You train a model that achieves 94% accuracy. Six months later, the same model evaluated on new data achieves 87%. You go to investigate. The original experiment ran in a Jupyter notebook that has been modified since. The weights file is named model_final_v3_FINAL.pt. There is no record of which dataset split it was trained on, no log of the hyperparameters, no indication of which preprocessing pipeline was applied. You cannot reproduce the result. You cannot diagnose the regression. You are flying blind.

This is why MLOps exists - not as bureaucratic overhead, but as the discipline that makes ML systems trustworthy over time. The core insight from Sculley et al.’s 2015 paper “Hidden Technical Debt in Machine Learning Systems” (published at Google, still widely cited) is that ML code is a small fraction of ML systems. The rest is data ingestion, feature engineering, monitoring, and serving infrastructure. And that infrastructure, if built without engineering discipline, accrues debt faster than any other software.

The Problem Is Reproducibility

Before any specific tool, the foundational question is: can you reproduce this result?

Reproducing a training run requires knowing four things precisely:

The exact code that ran (git commit hash)
The exact data that was used (data version and split)
The exact hyperparameters and configuration
The exact software environment (library versions, CUDA version, Python version)

Any of these missing means you cannot reproduce, which means you cannot diagnose failures, compare experiments fairly, or audit production models. This sounds obvious. In practice, teams violate all four constantly.

Seeding is table stakes:

import random, numpy as np, torch

def seed_everything(seed: int = 42):
    random.seed(seed)
    np.random.seed(seed)
    torch.manual_seed(seed)
    torch.cuda.manual_seed_all(seed)
    torch.backends.cudnn.deterministic = True
    torch.backends.cudnn.benchmark = False

This alone is insufficient. cudnn.deterministic = True forces cuDNN to use deterministic algorithms but can reduce throughput by 20 - 30%. Different CUDA versions implement some operations differently, so the same seed produces different results on CUDA 11.8 vs CUDA 12.2. Hardware differences matter too - multi-GPU training with torch.distributed has non-deterministic gradient aggregation by default. “Reproducible” in practice means “reproducible on the same hardware and software version,” which is already useful, and requires genuine effort to achieve.

Experiment Tracking: The Audit Log for ML

Experiment tracking tools log hyperparameters, metrics, artifacts, system information, and code state for every training run.

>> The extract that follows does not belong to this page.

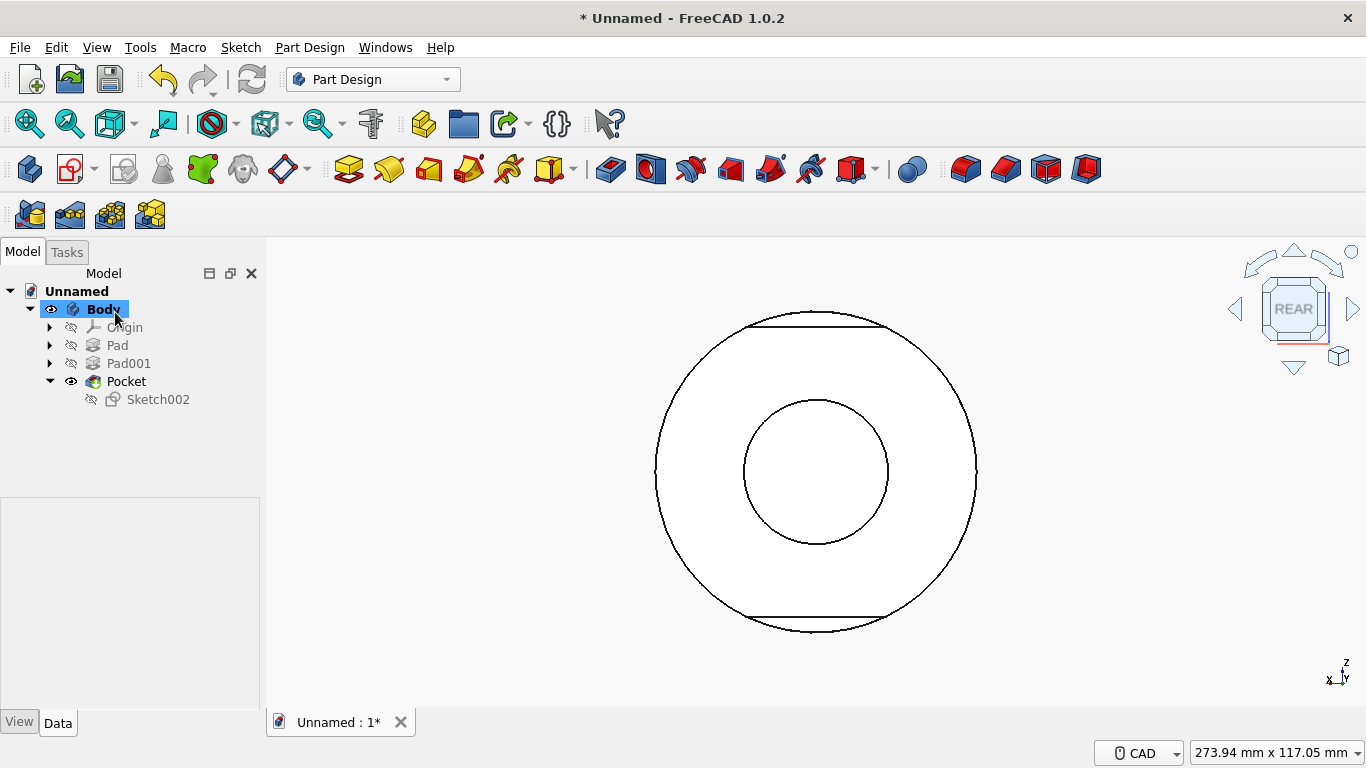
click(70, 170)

The essential functionality: given any two past runs, you can reproduce either one and understand exactly what differed between them.

Weights & Biases (W&B) is the most widely used in practice:

import wandb
from dataclasses import asdict

config = TrainingConfig(learning_rate=3e-3, batch_size=64, num_epochs=50)
run = wandb.init(project="image-classifier", config=asdict(config))

for epoch in range(config.num_epochs):
    train_loss = train_one_epoch(model, train_loader, config)
    val_acc = evaluate(model, val_loader)
    wandb.log({"train_loss": train_loss, "val_accuracy": val_acc, "epoch": epoch})

# Log model checkpoint as a versioned artifact
artifact = wandb.Artifact("model", type="model")
artifact.add_file("checkpoint.pt")
run.log_artifact(artifact)

W&B automatically captures the git commit hash, the pip environment, GPU utilization, system memory, and any artifacts you explicitly log. The UI allows filtering runs by metric, creating scatter plots of hyperparameter vs performance, and running sweeps (automated hyperparameter search across many configurations).

MLflow is the open-source, self-hosted alternative. The API is similar, the UI is less polished, but it runs on your own infrastructure - important for teams with data privacy constraints that prevent using external services.

The critical habit: start every experiment by calling wandb.init or mlflow.start_run. Do this automatically in your training script so it can’t be forgotten. Log the full resolved config object, not just selected hyperparameters. Future you, six months from now, will thank present you.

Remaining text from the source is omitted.